A case quite analogous in principle to the one at bar is City of Chicago v. Hesing, 83 Ill., 204. That was an action to recover damages for the death of a child about four years old. The third paragraph of the syllabus reads thus: “It is gross negligence on the part of a city to leave a ditch, filled with water, about five feet deep, in a public and frequented street bordering on a sidewalk without any guards to prevent children from falling into the same, and if a child is drowned by falling into the same the city will be liable.” The same principle was held and applied in Village of Carterville v. Cook, 129 Ill., 152; Brennan v. City of St. Louis, 92 Mo., 482; City of Indianapolis v. Emmelman, 108 Ind., 530; Nichols v. City of St. Paul, 44 Minn., 494; Hawley v.
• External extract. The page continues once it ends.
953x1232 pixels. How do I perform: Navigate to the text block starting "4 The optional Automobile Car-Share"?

City of Atlantic, 60 N. W. Rep. [Ia.], 519; Reed v. City of Madison, 83 Wis., 171; City of Pekin v. McMahon, 39 N. E. Rep. [Ill.], 484; Gibson v. City of Huntington, 38 W. Va., 177.

As to the authorities cited by the city attorney, it is *250sufficient to say that they are not based upon facts similar to those before us, hence an extended review would be useless. It was the duty of the city to have constructed the sewer and street in question in such a manner as to provide a proper and adequate outlet for the water that might have been reasonably expected to come down this ravine. In failing to do so the city authorities were guilty of negligence. That such negligence was the direct and proximate cause of the death of young Weston is established to a moral certainty. It is quite immaterial whether he was drowned in the water in the street or on the adjacent premises, in close proximity to the street, since the negligence of the city caused the accumulation of the water, consisting of a single body extending nearly one-fourth the distance across the street to the abutting properties, and' further, that the raft containing the deceased floated from the street upon properties abutting thereon. Whether the deceased was guilty of such contributory negligence as to defeat a recovery was for the jury to determine from all the facts and circumstances. The same degree of care and judgment could not be expected of a boy of his age as of an adult person. The facts, as disclosed by this record, are ample to sustain the verdict.
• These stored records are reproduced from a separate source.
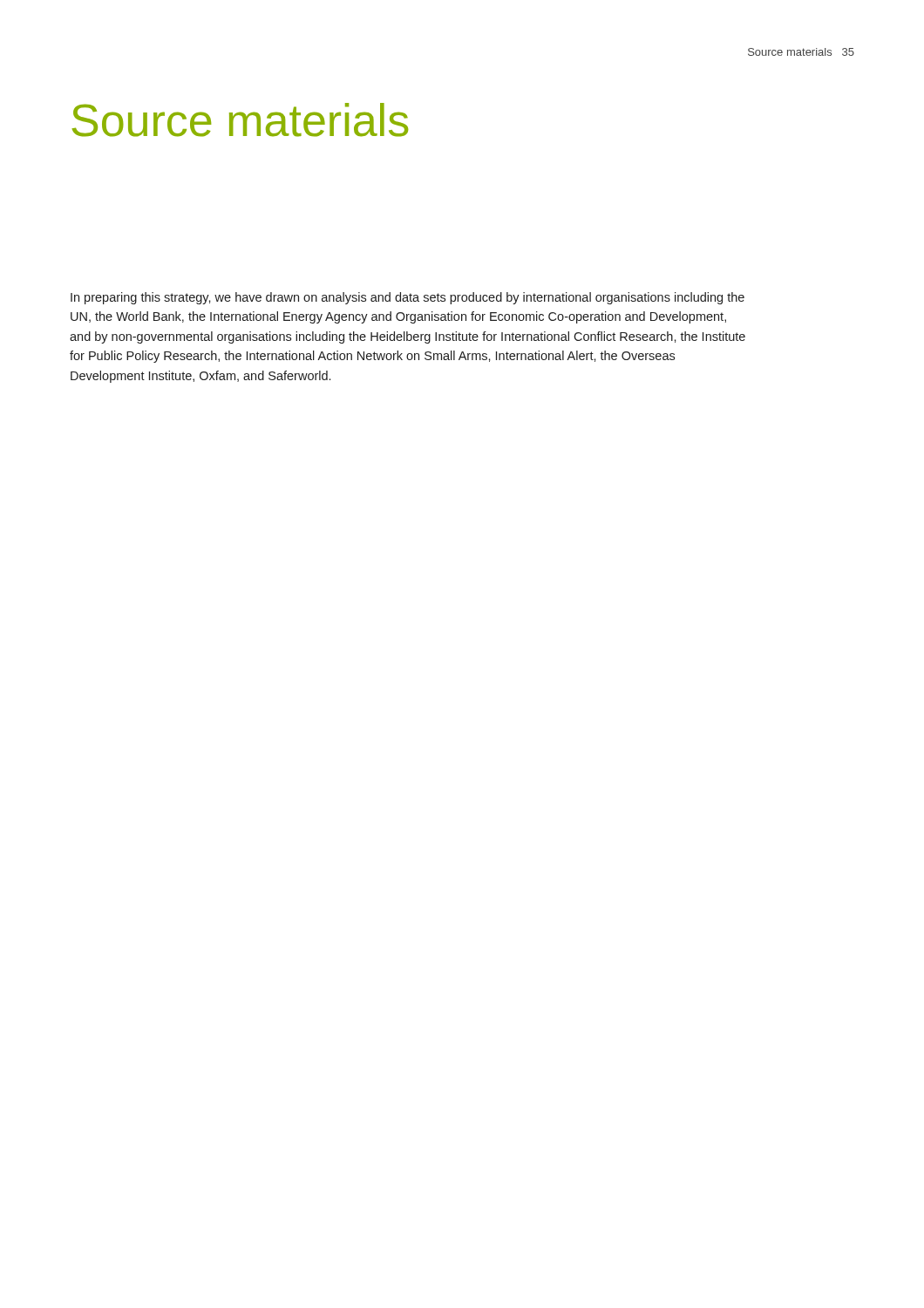This screenshot has width=924, height=1308.
Task: Click where it says "Source materials"
Action: click(240, 120)
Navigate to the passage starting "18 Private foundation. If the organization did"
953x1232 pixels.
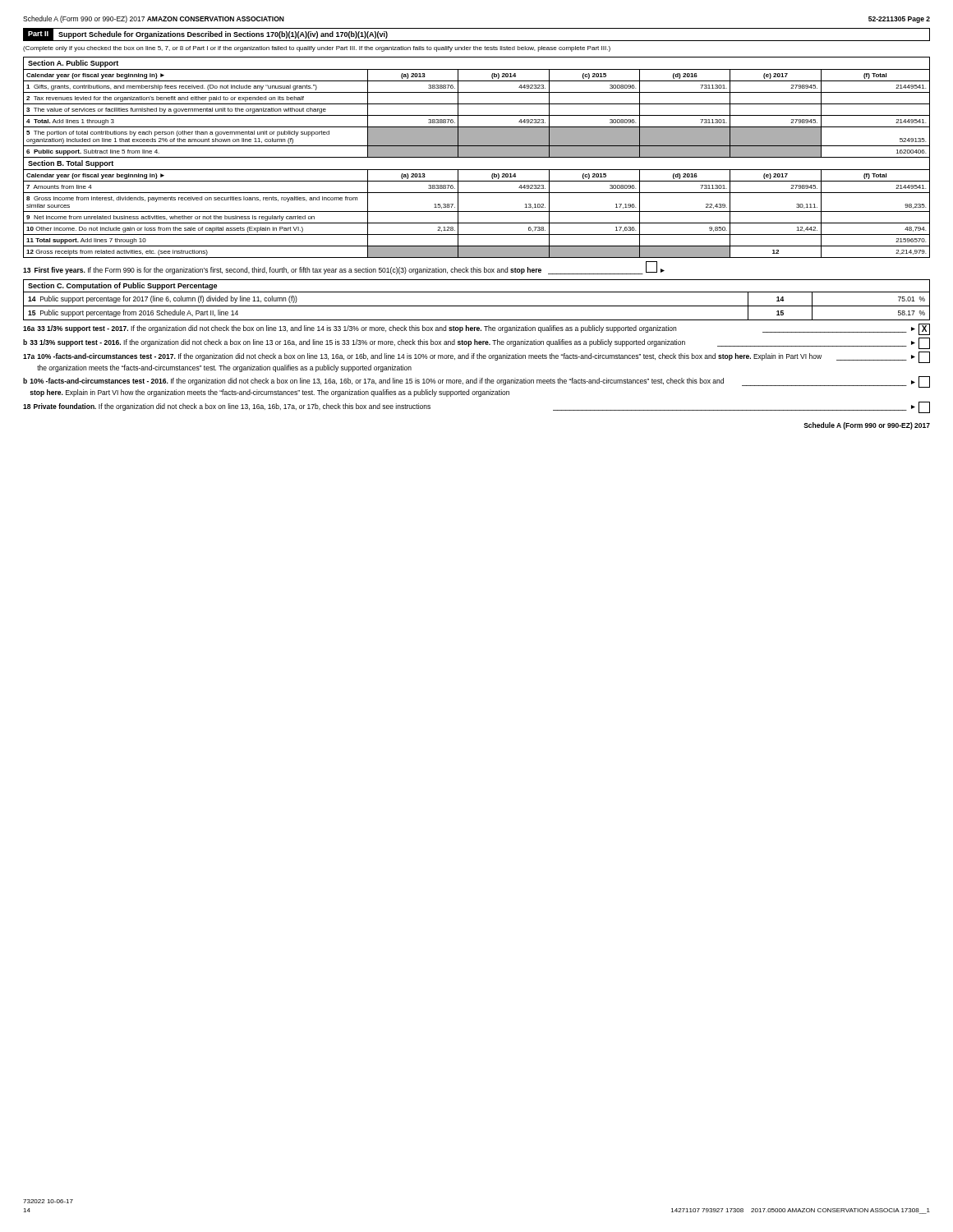[476, 407]
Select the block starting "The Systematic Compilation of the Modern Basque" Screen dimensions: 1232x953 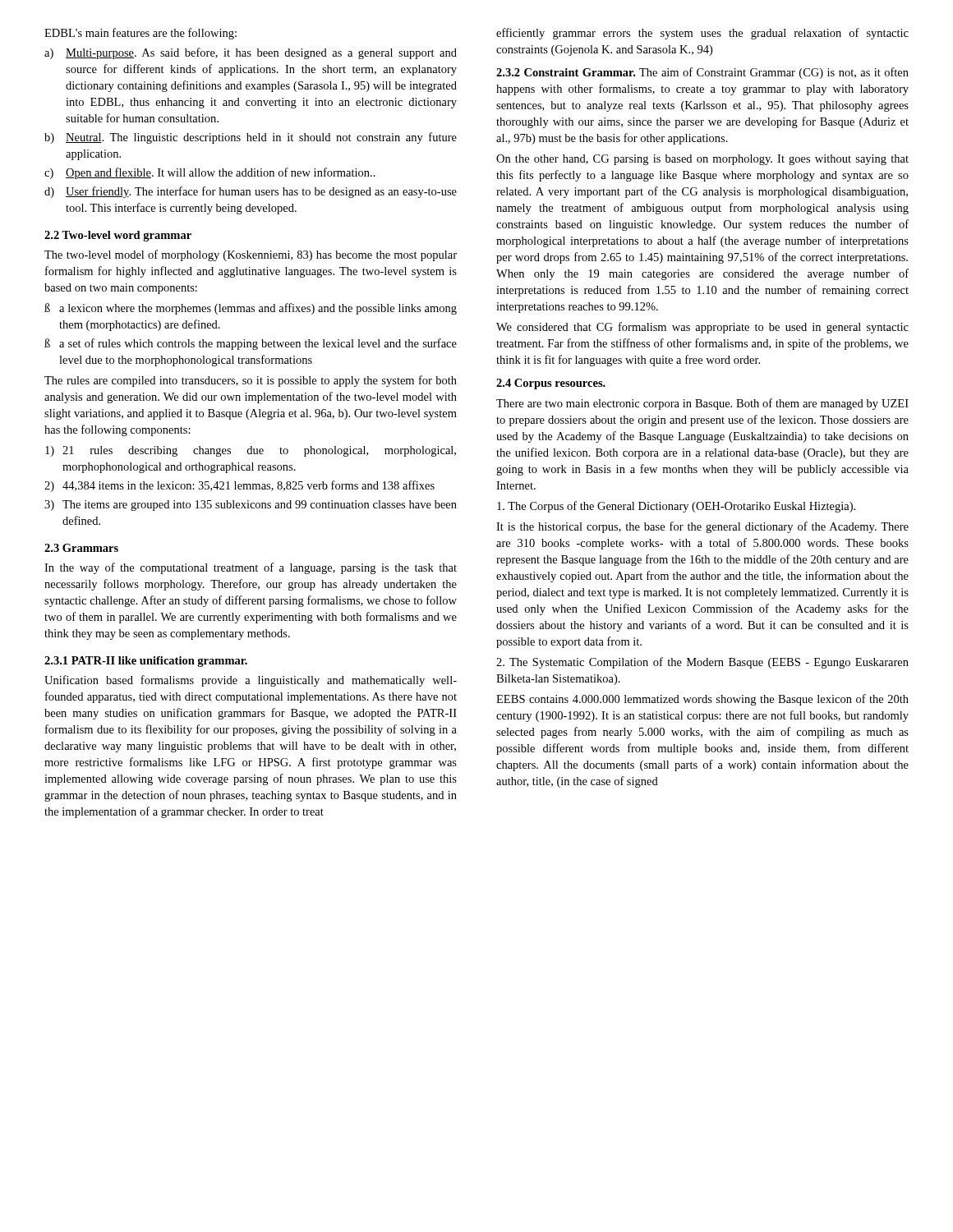click(702, 670)
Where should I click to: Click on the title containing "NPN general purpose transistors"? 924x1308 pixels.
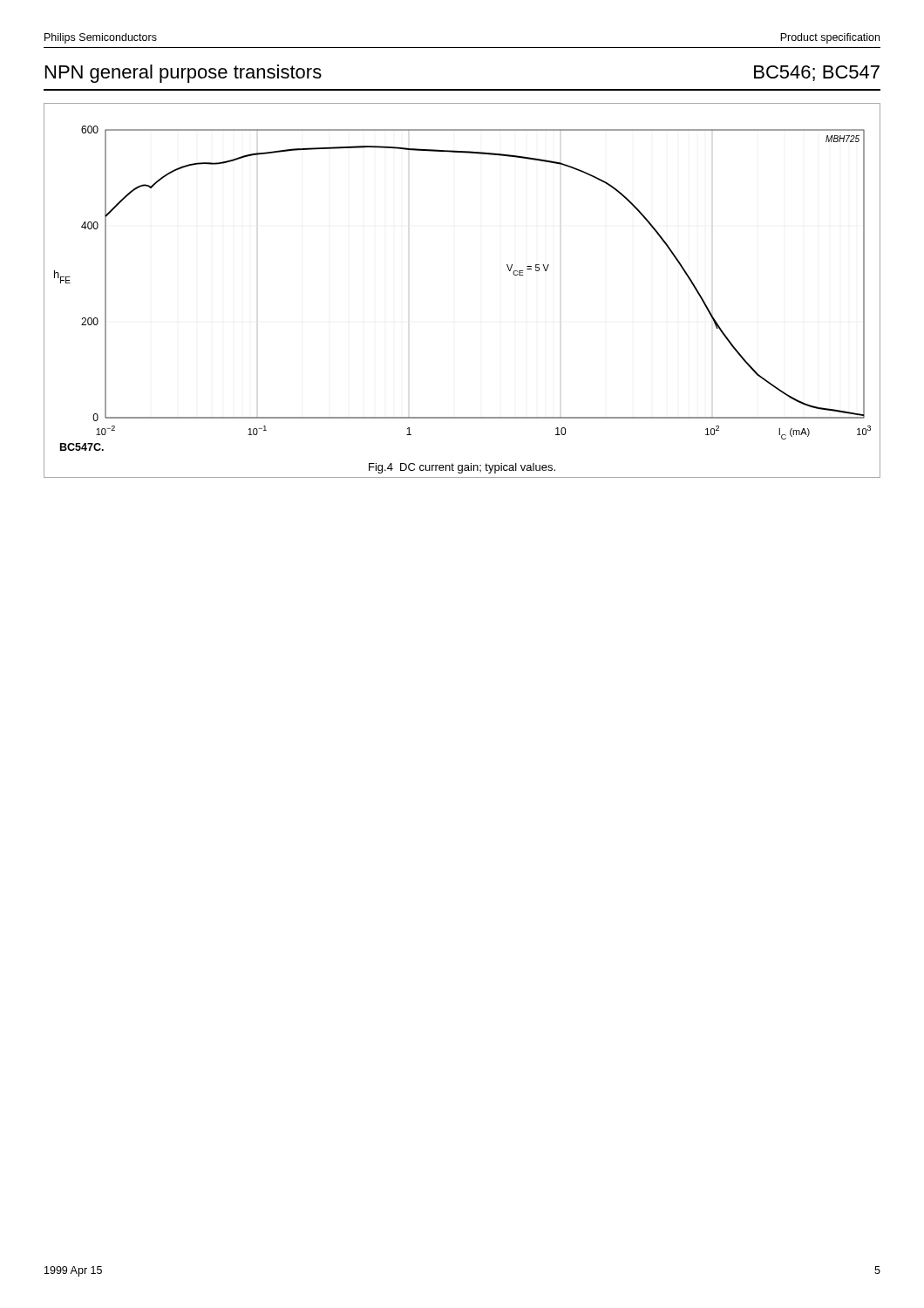pos(183,72)

Complaint is made in the brief of the city of the third, sixth, and seventh instructions contained in the charge of the court. Plaintiff below contends that these instructions cannot be considered, for the reason no proper exceptions were taken in the trial court. The record shows the following exception: “And now comes the said defendant, the City of Omaha, before the jury has retired to consider their verdict, and objects and excepts to the giving of instructions 3, 4, 5, 6, 7, 8, and 9 contained in the general charge of the court, and objects and excepts to the giving of' each of said instructions.” An exception to instructions en masse is insufficient unless they are all erroneous. (Redman v. Voss, 46 Neb., 512, and cases there cited.) But this case is not within the rule. The excep*251tion is to each of the paragraphs of the charge specified, and not a general exception to the giving of all of them. It was held in Aultman v. Martin, 49 Neb., 103, that an assignment in a motion for a new trial that “the court erred in giving instructions 2, 3, 5, 6, 7, and 8 and each of them, asked for by plaintiff,” was sufficiently specific. The same principle applies in the matter of exceptions to the giving and refusing of instructions. It is true Brooks v. Dutcher, 22 Neb., 644, and Walker v. Turner, 27 Neb., 103, cited by plaintiff, sustains his contention that the exception above set out is not sufficient to allow an examination of the instructions, but those cases upon the question of practice under consideration were expressly disapproved in Aultman v. Martin, supra, and will not be followed.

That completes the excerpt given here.